Sunday, August 12, 2012
One day...
Another life changing day for a momma and dad. My cousin called to say a friend's 22 year old son had died the night before from an accidental drug overdose. How many will it take? How many senseless deaths before we wake up and realize the dangers of drugs? Maybe it is not getting worse I just notice it more now. Maybe every time I read an obituary for a young person my heart wonders if they died the same senseless death. Maybe I still cringe whenever I hear an ambulance wondering whose life will be changed by that one phone call.

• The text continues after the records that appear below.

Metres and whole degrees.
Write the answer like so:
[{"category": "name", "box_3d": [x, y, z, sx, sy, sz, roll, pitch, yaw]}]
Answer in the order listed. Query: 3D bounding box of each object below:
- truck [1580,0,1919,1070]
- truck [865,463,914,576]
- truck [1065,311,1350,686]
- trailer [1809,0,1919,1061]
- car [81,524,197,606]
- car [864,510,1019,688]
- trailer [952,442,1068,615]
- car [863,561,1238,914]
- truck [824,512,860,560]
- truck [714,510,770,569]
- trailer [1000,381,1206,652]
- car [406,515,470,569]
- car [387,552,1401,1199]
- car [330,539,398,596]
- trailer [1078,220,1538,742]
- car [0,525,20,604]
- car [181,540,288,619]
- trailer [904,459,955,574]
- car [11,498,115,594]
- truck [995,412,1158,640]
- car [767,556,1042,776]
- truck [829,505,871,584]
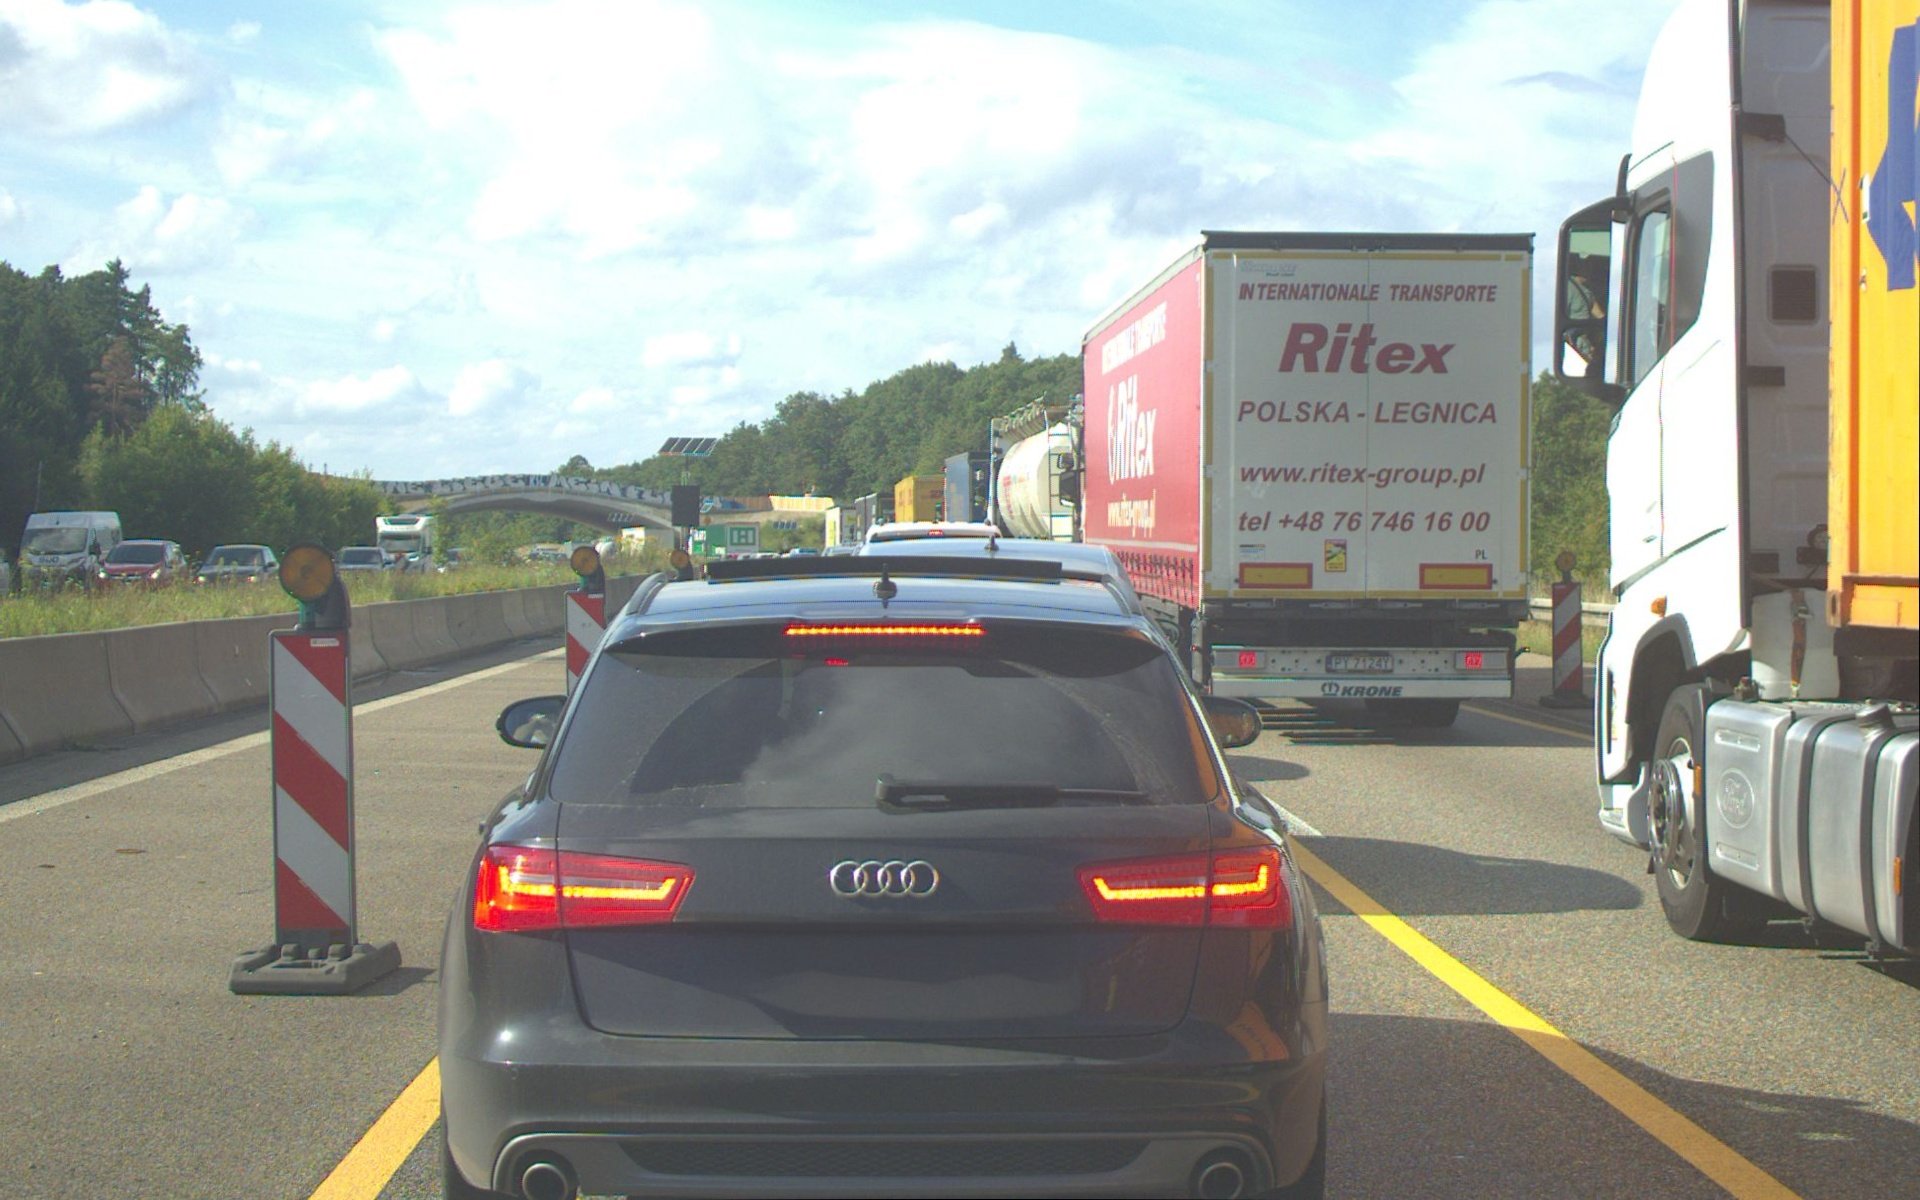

So in hearing this news I looked back over my pages, my rants, my cries for help, my seeking answers and wondered if it truly has gotten any better. Does a mother ever recover from this type of devastation? I noticed a reoccurring word in my writings, breathe. Breathe. Why was that so important then and now? Breathing is a involuntary action of your body. Even if you pass out and have no control of your functions your body automatically will continue breathing. Your heart will automatically keep beating. So why was I so concerned with continuing breathing? The pain is so great in the loss of a child that even involuntary functions of your body do not want to continue. I remember walking down that hall and seeing the chaplain. Immediately, my blood pressure dropped me to my knees. My heart contracted so hard I felt like I was dying and my ability to breathe was non existent. My body was in shock. It was shutting down and my brain was unable to signal it to keep working because the news that my son was dead short circuited all pathways. You are teetering back and forth between trying to grasp for air and giving in to the urge to die. To close your eyes and not fight. To cease breathing, to cease living all in that moment. But slowly, someone pulls you back. That day in the hallway of the hospital it was the chaplain who picked me up and made my body move, made my heart keep beating and my breath to gasp out painfully. Later when time and time again when my body screamed out enough, no more pain, quit breathing, heart quit beating Bart would pull me back. He would remind me to breathe. To move, to will my heart to keep beating even though it was broken to pieces. Even today when I go to that place of pain I feel my heart constrict and not want to release. I will sit for seconds on end not breathing making my self slowly take a breath. I will myself to keep functioning keep breathing and heart beating because even though the pain is still so intense I see hope. No the pieces of my heart will never fit neatly back together. No, I will never cease to have my son at the foremost of my thoughts. And yes, I will still fall apart, and yes, I will still have to be reminded to breathe. But I have hope that one day it will get a little easier. One day one day.